A veces, en el Centro Histórico de la Ciudad de México, uno camina sin mirar arriba. Entre el ruido, los puestos, la prisa… es fácil olvidar que las paredes también guardan historias. Y algunas son más oscuras de lo que imaginamos.
Esta, por ejemplo, comienza en abril de 1823. En un convento enorme, solemne, el Convento de la Merced. Ahí entró un hombre llamado José María Salinas, un ladrón con un plan pequeño y una ambición desmedida. Iba acompañado —eso dijo él— pero sus compañeros se echaron para atrás a última hora. Y así, solo, cruzó la puerta del templo.

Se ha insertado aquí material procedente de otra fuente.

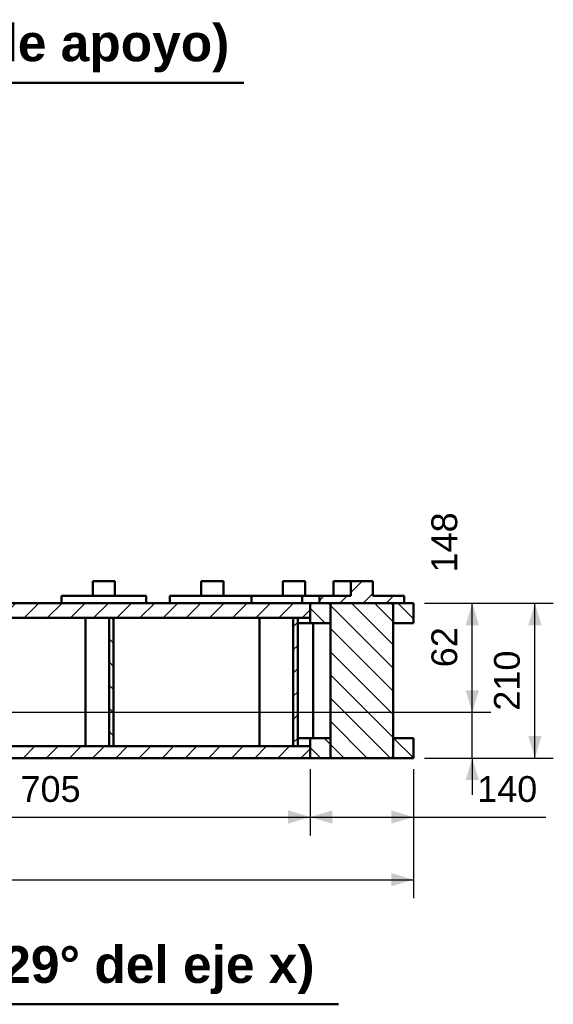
# Model space of a CAD drawing. Header units: millimetres. Extents: x 0 to 841, y 0 to 594.
# Tile 205 of 226: x 534 to 607, y 181 to 314. Entities that reach past the tile are written whole.
import ezdxf
from ezdxf.enums import TextEntityAlignment as Align

# ---------------------------------------------------------------- set-up
doc = ezdxf.new("R2010")
doc.units = ezdxf.units.MM
for name, color, linetype, lineweight in [('ACH', 7, 'CONTINUOUS', 13), ('COTA', 7, 'CONTINUOUS', 25), ('TXT', 7, 'CONTINUOUS', 25), ('VIS', 7, 'CONTINUOUS', 50)]:
    doc.layers.add(name, color=color, linetype=linetype, lineweight=lineweight)
doc.styles.add('STD', font='LiberationSans-Regular.ttf')
doc.styles.add('STDB', font='LiberationSans-Bold.ttf')

msp = doc.modelspace()

# ---------------------------------------------------------------- hatches: boundary and pattern name
at = {"layer": 'ACH'}
h = msp.add_hatch(dxfattribs=at)
h.set_pattern_fill('ANSI31', scale=0.7)
h.paths.add_polyline_path([(574.77, 234.95), (574.77, 235.95), (579.02, 235.95), (579.02, 237.95), (582.02, 237.95), (582.02, 235.95), (586.27, 235.95), (586.27, 234.95)])
h = msp.add_hatch(dxfattribs=at)
h.set_pattern_fill('ANSI31', scale=0.7)
h.paths.add_polyline_path([(499.52, 234.95), (573.52, 234.95), (573.52, 232.95), (497.52, 232.95), (497.52, 234.15), (499.52, 234.15)])
h = msp.add_hatch(dxfattribs=at)
h.set_pattern_fill('ANSI31', scale=0.7, angle=90)
h.paths.add_polyline_path([(576.27, 234.95), (576.27, 232.25), (573.52, 232.25), (573.52, 234.95)])
h = msp.add_hatch(dxfattribs=at)
h.set_pattern_fill('ANSI31', scale=0.7, angle=90)
h.paths.add_polyline_path([(576.27, 214.15), (576.27, 234.75), (576.47, 234.95), (584.57, 234.95), (584.77, 234.75), (584.77, 214.15), (584.57, 213.95), (576.47, 213.95)])
h = msp.add_hatch(dxfattribs=at)
h.set_pattern_fill('ANSI31', scale=0.7, angle=90)
h.paths.add_polyline_path([(584.77, 234.95), (587.52, 234.95), (587.52, 232.25), (584.77, 232.25)])
h = msp.add_hatch(dxfattribs=at)
h.set_pattern_fill('ANSI31', scale=0.7, angle=90)
h.paths.add_polyline_path([(546.22, 232.95), (546.82, 232.95), (546.82, 215.55), (546.22, 215.55)])
h = msp.add_hatch(dxfattribs=at)
h.set_pattern_fill('ANSI31', scale=0.7)
h.paths.add_polyline_path([(571.22, 232.95), (571.82, 232.95), (571.82, 215.55), (571.22, 215.55)])
h = msp.add_hatch(dxfattribs=at)
h.set_pattern_fill('ANSI31', scale=0.7, angle=90)
h.paths.add_polyline_path([(576.27, 216.65), (576.27, 213.95), (573.52, 213.95), (573.52, 216.65)])
h = msp.add_hatch(dxfattribs=at)
h.set_pattern_fill('ANSI31', scale=0.7, angle=90)
h.paths.add_polyline_path([(584.77, 216.65), (587.52, 216.65), (587.52, 213.95), (584.77, 213.95)])
h = msp.add_hatch(dxfattribs=at)
h.set_pattern_fill('ANSI31', scale=0.7)
h.paths.add_polyline_path([(500.32, 215.55), (573.52, 215.55), (573.52, 213.95), (500.32, 213.95)])

# ---------------------------------------------------------------- linework, layer by layer
at = {"layer": 'COTA'}
for p, q in [((589.02, 234.95), (598.02, 234.95)), ((589.02, 234.95), (606.52, 234.95)), ((595.52, 220.15), (595.52, 234.95)), ((604.02, 213.95), (604.02, 234.95)), ((595.52, 220.15), (595.52, 225.15)), ((501.82, 220.15), (598.02, 220.15)), ((501.82, 220.15), (598.02, 220.15)), ((595.52, 213.95), (595.52, 220.15)), ((589.02, 213.95), (598.02, 213.95)), ((589.02, 213.95), (606.52, 213.95)), ((595.52, 213.95), (595.52, 208.95)), ((573.52, 212.45), (573.52, 203.45)), ((573.52, 212.45), (573.52, 203.45)), ((587.52, 212.45), (587.52, 203.45)), ((587.52, 212.45), (587.52, 194.95)), ((503.02, 205.95), (573.52, 205.95)), ((573.52, 205.95), (587.52, 205.95)), ((587.52, 205.95), (605.51, 205.95)), ((387.52, 197.45), (587.52, 197.45))]:
    msp.add_line(p, q, dxfattribs=at)
for points in [[(595.52, 234.95), (594.62, 231.95), (596.42, 231.95)], [(604.02, 234.95), (603.12, 231.95), (604.92, 231.95)], [(595.52, 220.15), (596.42, 223.15), (594.62, 223.15)], [(595.52, 220.15), (596.42, 223.15), (594.62, 223.15)], [(604.02, 213.95), (604.92, 216.95), (603.12, 216.95)], [(595.52, 213.95), (594.62, 210.95), (596.42, 210.95)], [(573.52, 205.95), (570.52, 206.85), (570.52, 205.05)], [(573.52, 205.95), (576.52, 205.05), (576.52, 206.85)], [(587.52, 205.95), (584.52, 206.85), (584.52, 205.05)], [(587.52, 197.45), (584.52, 198.35), (584.52, 196.55)]]:
    msp.add_solid(points, dxfattribs=at)
at = {"layer": 'VIS'}
for p, q in [((443.37, 305.55), (564.51, 305.55)), ((397.69, 180.55), (577.35, 180.55))]:
    msp.add_line(p, q, dxfattribs=at)
for points in [[(544, 237.95), (544.13, 237.95), (544.25, 237.95), (544.38, 237.95), (544.5, 237.95), (544.63, 237.95), (544.75, 237.95), (544.88, 237.95), (545, 237.95), (545.13, 237.95), (545.25, 237.95), (545.38, 237.95), (545.5, 237.95), (545.62, 237.95), (545.75, 237.95), (545.87, 237.95), (546, 237.95), (546.12, 237.95), (546.25, 237.95), (546.37, 237.95), (546.5, 237.95), (546.62, 237.95), (546.75, 237.95), (546.87, 237.95), (546.99, 237.95)], [(544, 237.95), (544, 235.95)], [(546.99, 237.95), (547, 237.95), (547, 237.95), (547, 237.95), (547, 237.95), (547, 237.95), (547, 237.95)], [(547, 237.95), (547, 235.95)], [(558.73, 237.95), (558.85, 237.95), (558.98, 237.95), (559.1, 237.95), (559.23, 237.95), (559.35, 237.95), (559.48, 237.95), (559.6, 237.95), (559.73, 237.95), (559.85, 237.95), (559.98, 237.95), (560.1, 237.95), (560.23, 237.95), (560.35, 237.95), (560.47, 237.95), (560.6, 237.95), (560.72, 237.95), (560.85, 237.95), (560.97, 237.95), (561.1, 237.95), (561.22, 237.95), (561.35, 237.95), (561.47, 237.95), (561.6, 237.95), (561.72, 237.95)], [(558.73, 237.95), (558.73, 235.95)], [(561.72, 237.95), (561.72, 237.95), (561.72, 237.95), (561.73, 237.95), (561.73, 237.95), (561.73, 237.95), (561.73, 237.95)], [(561.73, 237.95), (561.73, 235.95)], [(569.81, 237.95), (569.93, 237.95), (570.06, 237.95), (570.18, 237.95), (570.31, 237.95), (570.43, 237.95), (570.56, 237.95), (570.68, 237.95), (570.81, 237.95), (570.93, 237.95), (571.06, 237.95), (571.18, 237.95), (571.31, 237.95), (571.43, 237.95), (571.55, 237.95), (571.68, 237.95), (571.8, 237.95), (571.93, 237.95), (572.05, 237.95), (572.18, 237.95), (572.3, 237.95), (572.43, 237.95), (572.55, 237.95), (572.68, 237.95), (572.8, 237.95)], [(569.81, 237.95), (569.81, 235.95)], [(572.8, 237.95), (572.8, 237.95), (572.8, 237.95), (572.81, 237.95), (572.81, 237.95), (572.81, 237.95), (572.81, 237.95)], [(572.81, 237.95), (572.81, 235.95)], [(576.69, 237.95), (576.81, 237.95), (576.93, 237.95), (577.06, 237.95), (577.18, 237.95), (577.3, 237.95), (577.42, 237.95), (577.55, 237.95), (577.67, 237.95), (577.79, 237.95), (577.92, 237.95), (578.04, 237.95), (578.16, 237.95), (578.28, 237.95), (578.41, 237.95), (578.53, 237.95), (578.65, 237.95), (578.77, 237.95), (578.9, 237.95), (579.02, 237.95)], [(576.69, 237.95), (576.69, 235.95)], [(582.02, 237.95), (579.02, 237.95)], [(579.02, 237.95), (579.02, 235.95)], [(582.02, 237.95), (582.02, 235.95)], [(539.75, 235.95), (539.88, 235.95), (540, 235.95), (540.12, 235.95), (540.24, 235.95), (540.36, 235.95), (540.48, 235.95), (540.6, 235.95), (540.72, 235.95), (540.84, 235.95), (540.96, 235.95), (541.08, 235.95), (541.2, 235.95), (541.32, 235.95), (541.44, 235.95), (541.56, 235.95), (541.69, 235.95), (541.81, 235.95), (541.93, 235.95), (542.05, 235.95), (542.17, 235.95), (542.29, 235.95), (542.41, 235.95), (542.53, 235.95), (542.65, 235.95), (542.77, 235.95), (542.89, 235.95), (543.01, 235.95), (543.13, 235.95), (543.25, 235.95), (543.37, 235.95), (543.5, 235.95), (543.62, 235.95), (543.74, 235.95), (543.86, 235.95), (543.98, 235.95), (544.1, 235.95), (544.22, 235.95), (544.34, 235.95), (544.46, 235.95), (544.58, 235.95), (544.7, 235.95), (544.82, 235.95), (544.94, 235.95), (545.06, 235.95), (545.18, 235.95), (545.31, 235.95), (545.43, 235.95), (545.55, 235.95), (545.67, 235.95), (545.79, 235.95), (545.91, 235.95), (546.03, 235.95), (546.15, 235.95), (546.27, 235.95), (546.39, 235.95), (546.51, 235.95), (546.63, 235.95), (546.75, 235.95), (546.87, 235.95), (546.99, 235.95), (547.12, 235.95), (547.24, 235.95), (547.36, 235.95), (547.48, 235.95), (547.6, 235.95), (547.72, 235.95), (547.84, 235.95), (547.96, 235.95), (548.08, 235.95), (548.2, 235.95), (548.32, 235.95), (548.44, 235.95), (548.56, 235.95), (548.68, 235.95), (548.8, 235.95), (548.93, 235.95), (549.05, 235.95), (549.17, 235.95), (549.29, 235.95), (549.41, 235.95), (549.53, 235.95), (549.65, 235.95), (549.77, 235.95), (549.89, 235.95), (550.01, 235.95), (550.13, 235.95), (550.25, 235.95), (550.37, 235.95), (550.49, 235.95), (550.61, 235.95), (550.74, 235.95), (550.86, 235.95), (550.98, 235.95), (551.1, 235.95), (551.22, 235.95)], [(539.75, 235.95), (539.75, 234.95)], [(551.22, 235.95), (551.22, 235.95), (551.23, 235.95), (551.24, 235.95), (551.24, 235.95), (551.25, 235.95), (551.25, 235.95)], [(551.25, 235.95), (551.25, 234.95)], [(554.48, 235.95), (554.6, 235.95), (554.72, 235.95), (554.84, 235.95), (554.96, 235.95), (555.08, 235.95), (555.2, 235.95), (555.32, 235.95), (555.44, 235.95), (555.56, 235.95), (555.68, 235.95), (555.8, 235.95), (555.93, 235.95), (556.05, 235.95), (556.17, 235.95), (556.29, 235.95), (556.41, 235.95), (556.53, 235.95), (556.65, 235.95), (556.77, 235.95), (556.89, 235.95), (557.01, 235.95), (557.13, 235.95), (557.25, 235.95), (557.37, 235.95), (557.49, 235.95), (557.61, 235.95), (557.73, 235.95), (557.85, 235.95), (557.97, 235.95), (558.09, 235.95), (558.21, 235.95), (558.33, 235.95), (558.45, 235.95), (558.57, 235.95), (558.7, 235.95), (558.82, 235.95), (558.94, 235.95), (559.06, 235.95), (559.18, 235.95), (559.3, 235.95), (559.42, 235.95), (559.54, 235.95), (559.66, 235.95), (559.78, 235.95), (559.9, 235.95), (560.02, 235.95), (560.14, 235.95), (560.26, 235.95), (560.38, 235.95), (560.5, 235.95), (560.62, 235.95), (560.74, 235.95), (560.86, 235.95), (560.98, 235.95), (561.1, 235.95), (561.22, 235.95), (561.34, 235.95), (561.47, 235.95), (561.59, 235.95), (561.71, 235.95), (561.83, 235.95), (561.95, 235.95), (562.07, 235.95), (562.19, 235.95), (562.31, 235.95), (562.43, 235.95), (562.55, 235.95), (562.67, 235.95), (562.79, 235.95), (562.91, 235.95), (563.03, 235.95), (563.15, 235.95), (563.27, 235.95), (563.39, 235.95), (563.51, 235.95), (563.63, 235.95), (563.75, 235.95), (563.87, 235.95), (563.99, 235.95), (564.11, 235.95), (564.24, 235.95), (564.36, 235.95), (564.48, 235.95), (564.6, 235.95), (564.72, 235.95), (564.84, 235.95), (564.96, 235.95), (565.08, 235.95), (565.2, 235.95), (565.32, 235.95), (565.44, 235.95), (565.56, 235.95)], [(554.48, 235.95), (554.48, 234.95)], [(565.56, 235.95), (565.68, 235.95), (565.8, 235.95), (565.92, 235.95), (566.04, 235.95), (566.16, 235.95), (566.28, 235.95), (566.4, 235.95), (566.53, 235.95), (566.65, 235.95), (566.77, 235.95), (566.89, 235.95), (567.01, 235.95), (567.13, 235.95), (567.25, 235.95), (567.37, 235.95), (567.49, 235.95), (567.61, 235.95), (567.73, 235.95), (567.85, 235.95), (567.97, 235.95), (568.09, 235.95), (568.21, 235.95), (568.34, 235.95), (568.46, 235.95), (568.58, 235.95), (568.7, 235.95), (568.82, 235.95), (568.94, 235.95), (569.06, 235.95), (569.18, 235.95), (569.3, 235.95), (569.42, 235.95), (569.54, 235.95), (569.66, 235.95), (569.78, 235.95), (569.9, 235.95), (570.02, 235.95), (570.15, 235.95), (570.27, 235.95), (570.39, 235.95), (570.51, 235.95), (570.63, 235.95), (570.75, 235.95), (570.87, 235.95), (570.99, 235.95), (571.11, 235.95), (571.23, 235.95), (571.35, 235.95), (571.47, 235.95), (571.59, 235.95), (571.71, 235.95), (571.83, 235.95), (571.96, 235.95), (572.08, 235.95), (572.2, 235.95), (572.32, 235.95), (572.44, 235.95)], [(565.56, 235.95), (565.56, 234.95)], [(572.44, 235.95), (572.56, 235.95), (572.68, 235.95), (572.81, 235.95), (572.93, 235.95), (573.05, 235.95), (573.17, 235.95), (573.3, 235.95), (573.42, 235.95), (573.54, 235.95), (573.67, 235.95), (573.79, 235.95), (573.91, 235.95), (574.03, 235.95), (574.16, 235.95), (574.28, 235.95), (574.4, 235.95), (574.52, 235.95), (574.65, 235.95), (574.77, 235.95)], [(572.44, 235.95), (572.44, 234.95)], [(574.77, 235.95), (574.77, 234.95)], [(579.02, 235.95), (578.9, 235.95), (578.78, 235.95), (578.66, 235.95), (578.53, 235.95), (578.41, 235.95), (578.29, 235.95), (578.17, 235.95), (578.05, 235.95), (577.93, 235.95), (577.81, 235.95), (577.68, 235.95), (577.56, 235.95), (577.44, 235.95), (577.32, 235.95), (577.2, 235.95), (577.08, 235.95), (576.96, 235.95), (576.83, 235.95), (576.71, 235.95), (576.59, 235.95), (576.47, 235.95), (576.35, 235.95), (576.23, 235.95), (576.11, 235.95), (575.98, 235.95), (575.86, 235.95), (575.74, 235.95), (575.62, 235.95), (575.5, 235.95), (575.38, 235.95), (575.26, 235.95), (575.13, 235.95), (575.01, 235.95), (574.89, 235.95), (574.77, 235.95)], [(579.02, 235.95), (574.77, 235.95)], [(586.27, 235.95), (586.15, 235.95), (586.03, 235.95), (585.91, 235.95), (585.78, 235.95), (585.66, 235.95), (585.54, 235.95), (585.42, 235.95), (585.3, 235.95), (585.18, 235.95), (585.06, 235.95), (584.93, 235.95), (584.81, 235.95), (584.69, 235.95), (584.57, 235.95), (584.45, 235.95), (584.33, 235.95), (584.21, 235.95), (584.08, 235.95), (583.96, 235.95), (583.84, 235.95), (583.72, 235.95), (583.6, 235.95), (583.48, 235.95), (583.36, 235.95), (583.23, 235.95), (583.11, 235.95), (582.99, 235.95), (582.87, 235.95), (582.75, 235.95), (582.63, 235.95), (582.51, 235.95), (582.38, 235.95), (582.26, 235.95), (582.14, 235.95), (582.02, 235.95)], [(586.27, 235.95), (582.02, 235.95)], [(582.02, 235.95), (582.15, 235.95), (582.27, 235.95), (582.4, 235.95), (582.52, 235.95), (582.65, 235.95), (582.77, 235.95), (582.9, 235.95), (583.02, 235.95), (583.15, 235.95), (583.27, 235.95), (583.4, 235.95), (583.53, 235.95), (583.65, 235.95), (583.78, 235.95), (583.9, 235.95)], [(586.27, 235.95), (586.27, 234.95)], [(573.52, 234.95), (499.52, 234.95)], [(573.52, 234.95), (573.52, 232.95)], [(576.27, 234.95), (573.52, 234.95)], [(573.52, 234.95), (573.52, 232.25)], [(586.27, 234.95), (574.77, 234.95)], [(576.27, 234.95), (576.27, 232.25)], [(576.47, 234.95), (576.27, 234.75)], [(576.27, 234.75), (576.27, 214.15)], [(584.57, 234.95), (576.47, 234.95)], [(584.57, 234.95), (584.77, 234.75)], [(587.52, 234.95), (584.77, 234.95)], [(584.77, 234.95), (584.77, 232.25)], [(584.77, 234.75), (584.77, 214.15)], [(587.52, 234.95), (587.52, 232.25)], [(573.52, 232.95), (497.52, 232.95)], [(543.02, 232.95), (543.02, 215.55)], [(546.82, 232.95), (546.22, 232.95)], [(546.22, 232.95), (546.22, 215.55)], [(546.82, 232.95), (546.82, 215.55)], [(566.62, 232.95), (566.62, 215.55)], [(571.82, 232.95), (571.22, 232.95)], [(571.22, 232.95), (571.22, 215.55)], [(571.82, 232.95), (571.82, 215.55)], [(573.52, 232.25), (573.4, 232.25), (573.28, 232.25), (573.16, 232.25), (573.03, 232.25), (572.91, 232.25), (572.79, 232.25), (572.67, 232.25), (572.55, 232.25), (572.43, 232.25), (572.31, 232.25), (572.18, 232.25), (572.06, 232.25), (571.94, 232.25), (571.82, 232.25)], [(576.27, 232.25), (573.52, 232.25)], [(573.94, 232.25), (573.94, 216.65)], [(587.52, 232.25), (584.77, 232.25)], [(573.52, 216.65), (573.4, 216.65), (573.28, 216.65), (573.16, 216.65), (573.03, 216.65), (572.91, 216.65), (572.79, 216.65), (572.67, 216.65), (572.55, 216.65), (572.43, 216.65), (572.31, 216.65), (572.18, 216.65), (572.06, 216.65), (571.94, 216.65), (571.82, 216.65)], [(576.27, 216.65), (573.52, 216.65)], [(573.52, 216.65), (573.52, 213.95)], [(576.27, 216.65), (576.27, 213.95)], [(587.52, 216.65), (584.77, 216.65)], [(584.77, 216.65), (584.77, 213.95)], [(587.52, 216.65), (587.52, 213.95)], [(573.52, 215.55), (500.32, 215.55)], [(546.82, 215.55), (546.22, 215.55)], [(571.82, 215.55), (571.22, 215.55)], [(573.52, 215.55), (573.52, 213.95)], [(573.52, 213.95), (500.32, 213.95)], [(576.27, 213.95), (573.52, 213.95)], [(576.47, 213.95), (576.27, 214.15)], [(576.27, 213.95), (576.3, 213.95), (576.34, 213.95), (576.37, 213.95), (576.4, 213.95), (576.44, 213.95), (576.47, 213.95)], [(584.57, 213.95), (576.47, 213.95)], [(584.57, 213.95), (584.77, 214.15)], [(584.57, 213.95), (584.6, 213.95), (584.64, 213.95), (584.67, 213.95), (584.7, 213.95), (584.74, 213.95), (584.77, 213.95)], [(587.52, 213.95), (584.77, 213.95)]]:
    msp.add_lwpolyline(points, dxfattribs=at)

# ---------------------------------------------------------------- texts
at = {"layer": 'TXT'}
for s, height, style, p in [('PLANTA INFERIOR (cara de apoyo)', 5, 'STDB', (503.94, 306.95)), ('705', 3.5, 'STD', (538.27, 206.95)), ('140', 3.5, 'STD', (600.26, 206.95)), ('CORTE POR UN PASADOR (plano a 6,429° del eje x)', 5, 'STDB', (487.52, 181.95))]:
    msp.add_text(s, height=height, dxfattribs=dict(at, style=style)).set_placement(p, align=Align.BOTTOM_CENTER)
at = {"layer": 'TXT', "style": 'STD'}
for s, p in [('148', (594.52, 243.19)), ('62', (594.52, 228.98)), ('210', (603.02, 224.45))]:
    msp.add_text(s, height=3.5, rotation=90, dxfattribs=at).set_placement(p, align=Align.BOTTOM_CENTER)

doc.saveas('drawing.dxf')

Lo que hizo esa noche no fue solo un robo. Fue un desafío. Frente a la Virgen, al Niño Dios, a Jesús mismo… Salinas tomó joyas, vasos sagrados, todo lo que brillara. Y luego salió como si nada, incluso con una hostia consagrada en la boca. Un gesto que, para la época, era como escupirle al cielo.
No lo atraparon ahí. Eso habría sido demasiado simple. Salinas cayó después, por torpe, por intentar vender lo robado. Su propia impaciencia lo entregó.
Lo que vino después… fue peor.
La condena era la muerte. Eso ya lo sabía. Pero la ciudad entera ardía de indignación. No bastaba matarlo: había que castigarlo para siempre. Al menos eso exigía el pueblo. Querían su mano derecha —la “mano pecadora”, decían— cortada de un solo golpe. Y querían verla, clavada en el atrio del templo, como advertencia para cualquiera que pensara repetir el sacrilegio.
Y así fue. Un hachazo. Una mano arrancada. Un clavo atravesando la carne. Un nicho de cantera y, arriba, Santiago Apóstol, vigilando la escena.
La mano quedó ahí. Al aire libre. Día tras día, lluvia tras lluvia. Y el tiempo hizo lo suyo: primero la piel, después la carne, hasta que lo único que quedaba eran los huesos. Un recordatorio silencioso de un crimen que ya nadie recordaba con detalle, pero que todos sabían que había sido grave.
Cuando ya no quedaba nada que mostrar, los religiosos mandaron fundir una réplica en bronce. Una mano nueva para un castigo viejo. Pero esa también se perdió, en tiempos de Reforma, cuando tantas cosas cambiaron de lugar y de dueño.
Lo que quedó después fue lo que hoy vemos: una mano de piedra. Una sustituta de todas las anteriores. Una marca que se negó a desaparecer.
Y como pasa con cualquier historia antigua, aparecieron rumores. Que los huesos verdaderos fueron robados por una bruja. Que sirvieron para un conjuro. Para un brebaje. No hay pruebas, claro. Pero en México, las leyendas no necesitan certificados.
Años más tarde, un hombre adinerado decidió llevarse la figura de la mano a su casona. Desde entonces, esa casa se conoce como la “casa de la manita”. Porque así somos: a la historia le tememos, pero también la adoptamos.
Hoy, si caminas por el barrio de La Merced, entre calles estrechas y puestos que nunca duermen, puedes encontrarte con esa mano de piedra. En la esquina de Jesús María y Manzanares, clavada en una fachada que mira a un mundo que ya no se parece en nada al de 1823… pero que todavía, a veces, parece necesitar recordatorios.
Ahí sigue. Como si vigilara. Como si esperara. Como si supiera que hay historias que no se borran tan fácil.